As an issue of the reality Patrick calculation which reflect such exchanges in a bifurcation of two way, one being in the credit calendar of the underlying sum which being the vital sum or $ 52000. Income in the compensation clarification as a segment of interest got by uprightness of giving credit paying little respect to how the no understanding is made. Regardless of the way that the development was given to the relative for this circumstance being the kid. On the other hand, it is essential to fathom that the credit requires a dimension critical to be paid and the base rate is to be paid at 5% credit (ASIC, 2019).
Further, such intrigue is referenced as a lawful salary while documenting the hotel return. In this way, the child pays an extra measure of five percent which being no more under the legitimate condition when no loan cost is guaranteed.
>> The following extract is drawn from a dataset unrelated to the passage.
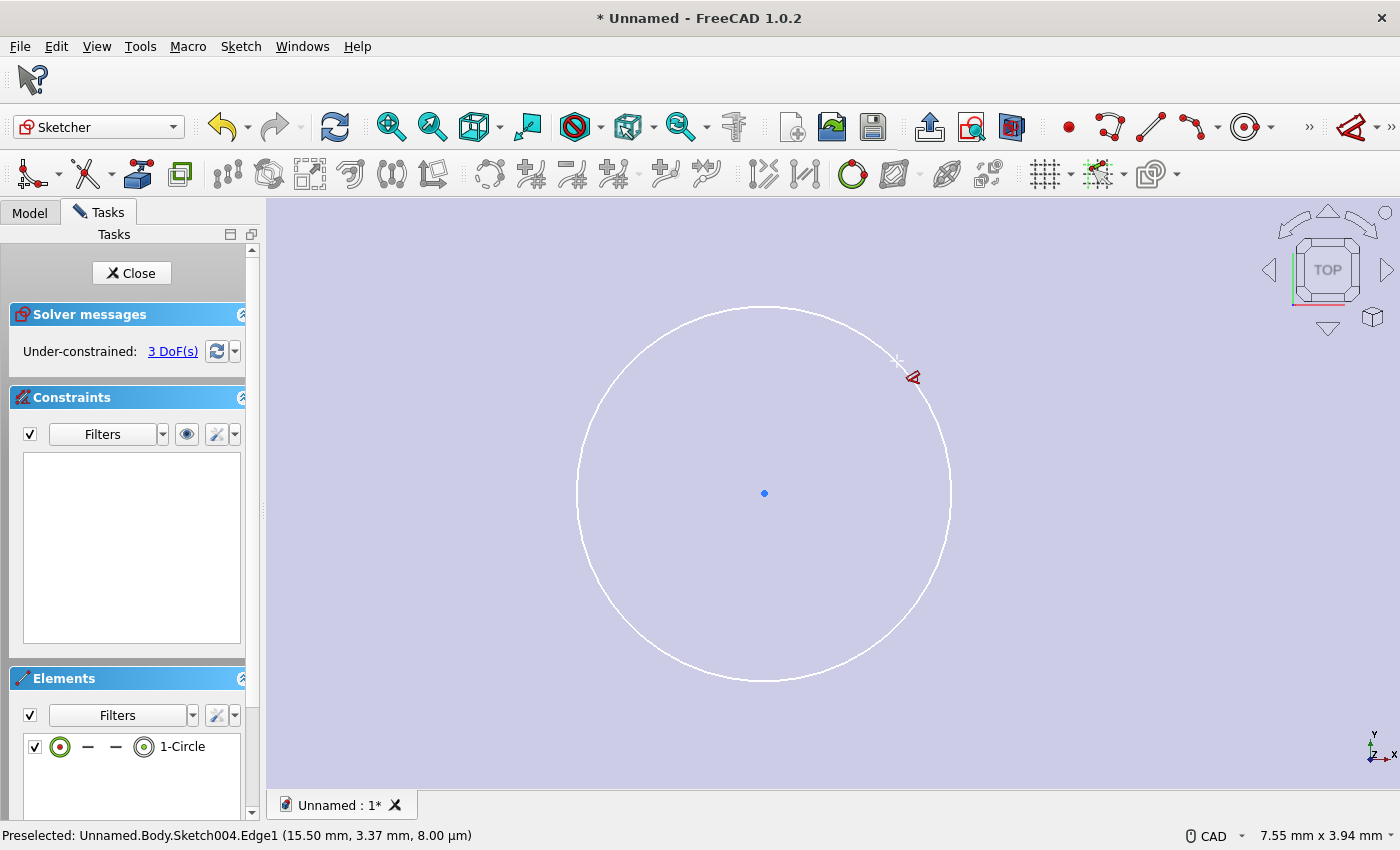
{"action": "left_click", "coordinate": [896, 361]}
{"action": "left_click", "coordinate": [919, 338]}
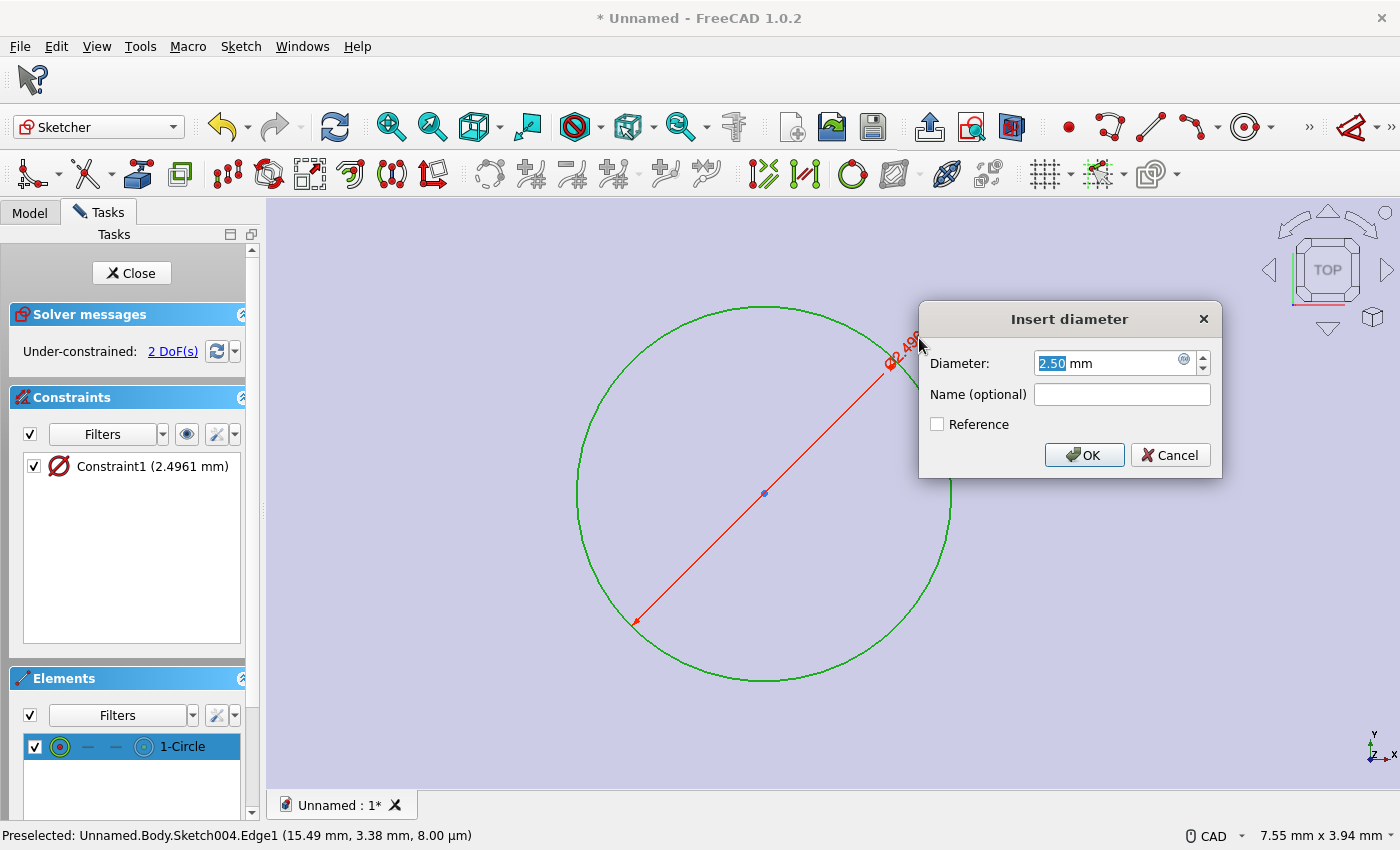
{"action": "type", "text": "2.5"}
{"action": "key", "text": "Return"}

The extra credit pay got for $ 2600 which from the above elucidation is a certified assessable pay and ought to be consider while following through on the administrative commitment on the compensation. In reflection to the cost that has to be paid on such compensation ought to be connected with real time factors. This is including the development provider which specifically includes an individual, trust or any association firm of business. In clear words charge rate qualified will be relative to the obligation rate considered on such order of the compensation social affairs. Consequently, precisely the entirety given to David is considered as a development in spite of the way that it isn’t in comprehension, and the other being that the interest pay is to be referenced and which must be legally taxable.
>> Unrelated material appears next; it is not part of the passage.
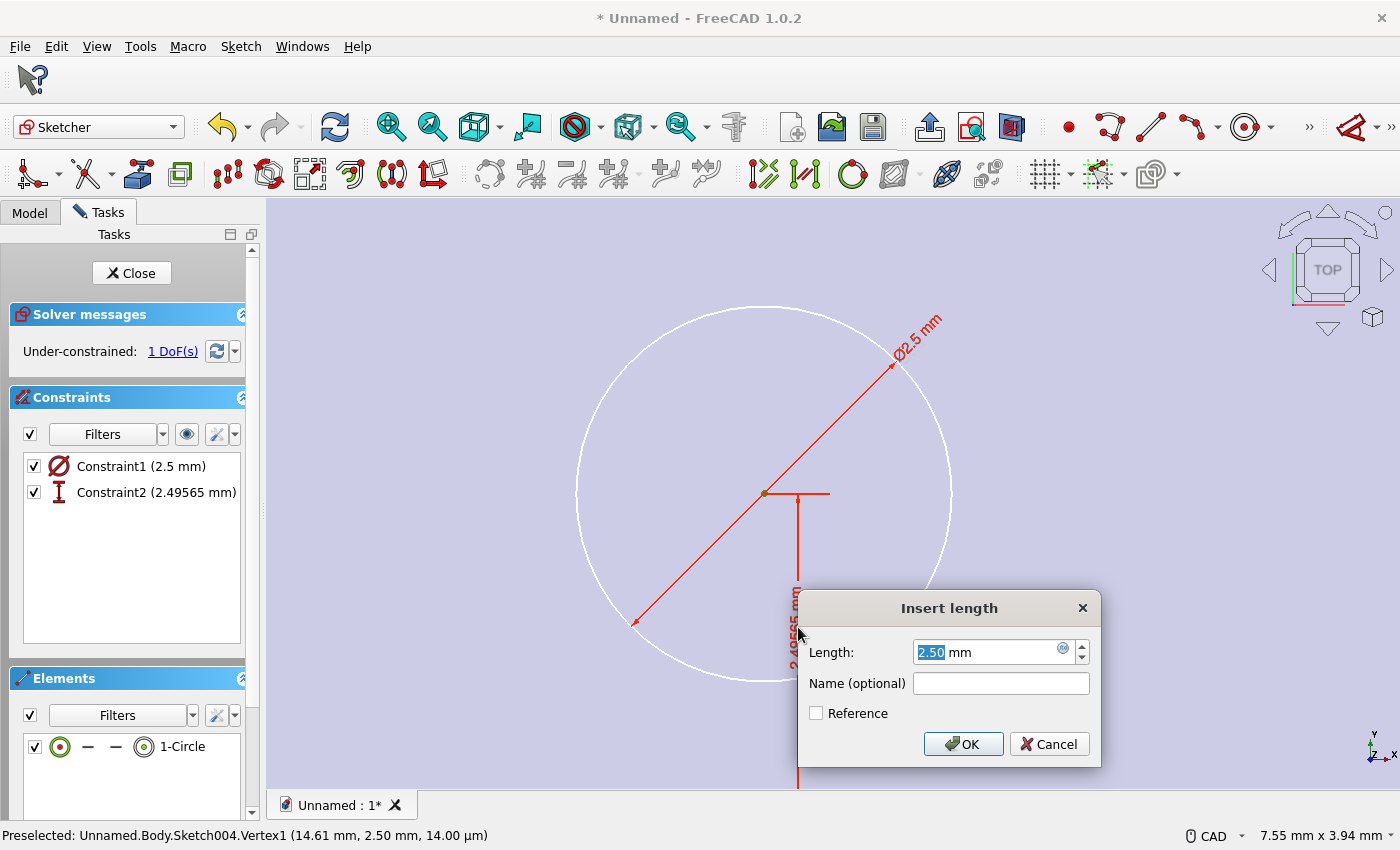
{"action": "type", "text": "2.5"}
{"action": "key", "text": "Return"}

paper gives an extraordinary in sight about the Australian tax assessment
framework and how different wording are translated and reflected in a specific
set way and a recommended procedure. The three questions place a definite
identification of the different income calculation. It has been identified that
almost all necessary returns are being calculated through different context of
ASIC, 2019. Loans involving family & friends, ASIC. Available At: https://www.moneysmart.gov.au/borrowing-and-credit/borrowing-basics/loans-involving-family-and-friends
ATO, 2019, IT 2639, ATO.Available At: Punjabassignmenthelp.com
ATO, 2019, Working out your capital gain or loss, ATO. Available At: https://www.ato.gov.au/General/Capital-gains-tax/Working-out-your-capital-gain-or-loss/Working-out-your-capital-gain/The-indexation-method-of-calculating-your-capital-gain/
Braithwaite, V., (2017). Taxing democracy: Understanding tax avoidance and evasion. Ed. 5th Abingdon: Routledge.